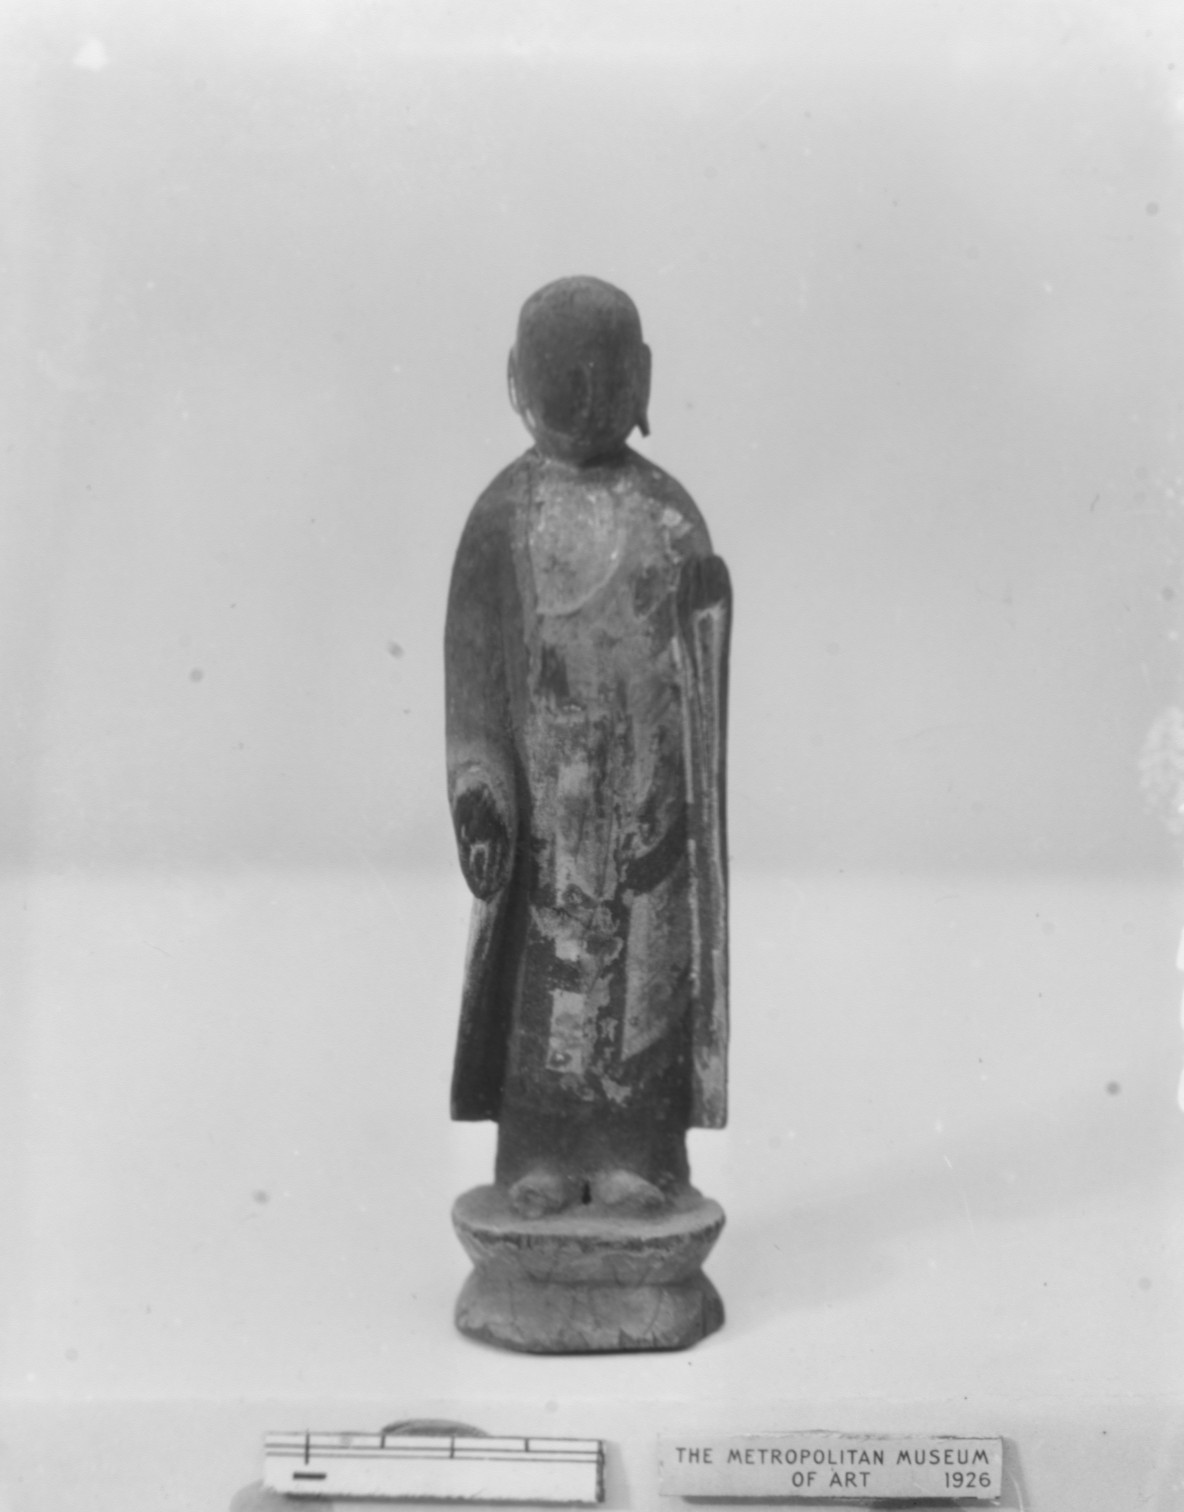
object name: statuette
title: Jizō Bosatsu
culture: japanese
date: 1201-1300
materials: wood
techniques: painting
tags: buddhism,bodhisattvas

Action item> Would you give the records again exactly, dropping the pictures?

Solution for this problem>
object name: statuette
title: Jizō Bosatsu
culture: japanese
date: 1201-1300
materials: wood
techniques: painting
tags: buddhism,bodhisattvas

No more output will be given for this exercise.